Explaining appearent idiosyncrasy in Python when using tuples as elements in a set

Question:

If we execute the two following lines in Python:

a = (1,)
{a}

it won’t cause any problems. Instead, if we execute the two following lines:

a = ([1],)
{a}

now what we get is "TypeError: unhashable type: ‘list’".

In both cases, we’re building a set consisting of elements whose type is a tuple, which is immutable (in the first case (1,) and in the second case ([1],)). In the second case, however, our tuple contains an object of mutable type, i.e., the list [1].

It seems that the condition that the elements of a set must be immutable is not enough to guarantee that sets are successfully created. What is the exact condition that won’t lead to any error when building a set? What is happening at low level?

Asked By: Bob

||

Answers:

As the error message indicates, the actual criterion for whether something can be in a set is whether it is hashable, as stated in the set docs:

Set elements, like dictionary keys, must be hashable.

However, only immutable object should be hashable, as Python’s docs on __hash__() explain:

If a class defines mutable objects and implements an __eq__() method, it should not implement __hash__(), since the implementation of hashable collections requires that a key’s hash value is immutable (if the object’s hash value changes, it will be in the wrong hash bucket).

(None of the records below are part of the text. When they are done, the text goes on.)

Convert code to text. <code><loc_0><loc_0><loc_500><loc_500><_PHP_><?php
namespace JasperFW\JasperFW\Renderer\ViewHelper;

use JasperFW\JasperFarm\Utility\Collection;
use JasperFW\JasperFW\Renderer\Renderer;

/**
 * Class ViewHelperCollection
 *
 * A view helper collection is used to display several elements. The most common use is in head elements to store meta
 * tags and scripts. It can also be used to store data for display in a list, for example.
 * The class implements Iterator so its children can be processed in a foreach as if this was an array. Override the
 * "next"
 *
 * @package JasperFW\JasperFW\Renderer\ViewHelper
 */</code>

In order for the hash to be representative of the entire contained data, immutable containers like tuples implement hashing by hashing each contained element in turn, with all the elements’ hashes then going into the computation of the container’s hash. Of course this is continued recursively if any elements are themselves immutable containers.

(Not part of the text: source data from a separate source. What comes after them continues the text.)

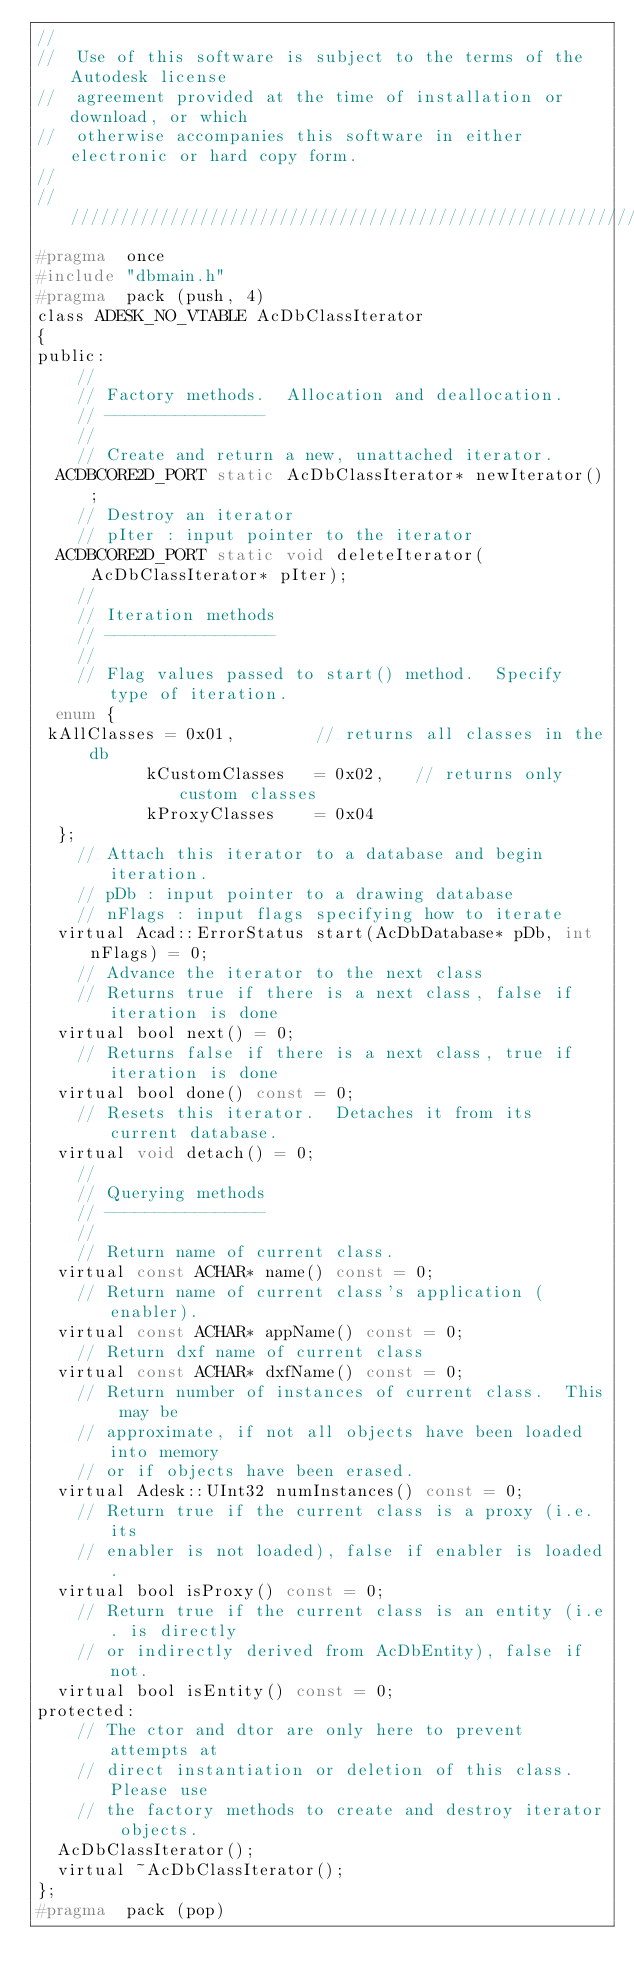<code> <loc_0><loc_0><loc_500><loc_500><_C_>//
//  Use of this software is subject to the terms of the Autodesk license 
//  agreement provided at the time of installation or download, or which 
//  otherwise accompanies this software in either electronic or hard copy form.   
//
//////////////////////////////////////////////////////////////////////////////
#pragma  once
#include "dbmain.h"
#pragma  pack (push, 4)
class ADESK_NO_VTABLE AcDbClassIterator
{
public:
    //
    // Factory methods.  Allocation and deallocation.
    // ----------------
    //
    // Create and return a new, unattached iterator.
  ACDBCORE2D_PORT static AcDbClassIterator* newIterator();
    // Destroy an iterator
    // pIter : input pointer to the iterator
  ACDBCORE2D_PORT static void deleteIterator(AcDbClassIterator* pIter);
    //
    // Iteration methods
    // -----------------
    //
    // Flag values passed to start() method.  Specify type of iteration.
  enum {
 kAllClasses = 0x01,        // returns all classes in the db
           kCustomClasses   = 0x02,   // returns only custom classes
           kProxyClasses    = 0x04
  };
    // Attach this iterator to a database and begin iteration.
    // pDb : input pointer to a drawing database
    // nFlags : input flags specifying how to iterate
  virtual Acad::ErrorStatus start(AcDbDatabase* pDb, int nFlags) = 0;
    // Advance the iterator to the next class
    // Returns true if there is a next class, false if iteration is done
  virtual bool next() = 0;
    // Returns false if there is a next class, true if iteration is done
  virtual bool done() const = 0;
    // Resets this iterator.  Detaches it from its current database.
  virtual void detach() = 0;
    //
    // Querying methods
    // ----------------
    //
    // Return name of current class.
  virtual const ACHAR* name() const = 0;
    // Return name of current class's application (enabler).
  virtual const ACHAR* appName() const = 0;
    // Return dxf name of current class
  virtual const ACHAR* dxfName() const = 0;
    // Return number of instances of current class.  This may be
    // approximate, if not all objects have been loaded into memory
    // or if objects have been erased.
  virtual Adesk::UInt32 numInstances() const = 0;
    // Return true if the current class is a proxy (i.e. its
    // enabler is not loaded), false if enabler is loaded.
  virtual bool isProxy() const = 0;
    // Return true if the current class is an entity (i.e. is directly
    // or indirectly derived from AcDbEntity), false if not.
  virtual bool isEntity() const = 0;
protected:
    // The ctor and dtor are only here to prevent attempts at
    // direct instantiation or deletion of this class.  Please use
    // the factory methods to create and destroy iterator objects.
  AcDbClassIterator();
  virtual ~AcDbClassIterator();
};
#pragma  pack (pop)
</code>

In your case, hashing the tuple will thus lead to an attempted hashing of the contained list, which fails as lists are not hashable:

>>> hash([1, 2])
Traceback (most recent call last):
  File "<stdin>", line 1, in <module>
TypeError: unhashable type: 'list'

As for why set elements must be hashable: It’s because that will allow membership checking to proceed in O(1) time (think hash map lookup). You could make your own set type without this requirement that would just do membership checking by going through the list of elements one by one, of course – that would effectively just be a list with an addition operation that refuses to insert duplicates.

Answered By: smheidrich